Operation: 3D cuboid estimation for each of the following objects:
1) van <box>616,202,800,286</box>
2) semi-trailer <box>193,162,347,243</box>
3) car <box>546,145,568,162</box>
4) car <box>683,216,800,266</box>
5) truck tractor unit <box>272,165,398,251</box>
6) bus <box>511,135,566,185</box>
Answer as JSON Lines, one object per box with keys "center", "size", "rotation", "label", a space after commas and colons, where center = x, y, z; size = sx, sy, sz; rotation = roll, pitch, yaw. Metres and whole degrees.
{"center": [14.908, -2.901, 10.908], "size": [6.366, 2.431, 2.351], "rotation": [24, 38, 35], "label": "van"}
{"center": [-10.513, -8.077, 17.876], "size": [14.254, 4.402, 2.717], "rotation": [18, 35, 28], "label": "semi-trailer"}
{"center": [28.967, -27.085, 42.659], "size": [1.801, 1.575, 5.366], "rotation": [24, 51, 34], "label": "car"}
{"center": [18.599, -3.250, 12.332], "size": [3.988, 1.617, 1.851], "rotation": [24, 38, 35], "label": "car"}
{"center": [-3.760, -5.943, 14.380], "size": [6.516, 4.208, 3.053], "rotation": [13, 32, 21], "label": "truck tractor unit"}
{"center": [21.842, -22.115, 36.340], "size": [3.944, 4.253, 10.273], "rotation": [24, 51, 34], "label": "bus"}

☆ ☆ ☆ ☆ ☆

# Exercise aim
The response should be every record above restated exactly.

# Task solution
Operation: 3D cuboid estimation for each of the following objects:
1) van <box>616,202,800,286</box>
2) semi-trailer <box>193,162,347,243</box>
3) car <box>546,145,568,162</box>
4) car <box>683,216,800,266</box>
5) truck tractor unit <box>272,165,398,251</box>
6) bus <box>511,135,566,185</box>
Answer as JSON Lines, one object per box with keys "center", "size", "rotation", "label", a space after commas and colons, where center = x, y, z; size = sx, sy, sz; rotation = roll, pitch, yaw. Metres and whole degrees.
{"center": [14.908, -2.901, 10.908], "size": [6.366, 2.431, 2.351], "rotation": [24, 38, 35], "label": "van"}
{"center": [-10.513, -8.077, 17.876], "size": [14.254, 4.402, 2.717], "rotation": [18, 35, 28], "label": "semi-trailer"}
{"center": [28.967, -27.085, 42.659], "size": [1.801, 1.575, 5.366], "rotation": [24, 51, 34], "label": "car"}
{"center": [18.599, -3.250, 12.332], "size": [3.988, 1.617, 1.851], "rotation": [24, 38, 35], "label": "car"}
{"center": [-3.760, -5.943, 14.380], "size": [6.516, 4.208, 3.053], "rotation": [13, 32, 21], "label": "truck tractor unit"}
{"center": [21.842, -22.115, 36.340], "size": [3.944, 4.253, 10.273], "rotation": [24, 51, 34], "label": "bus"}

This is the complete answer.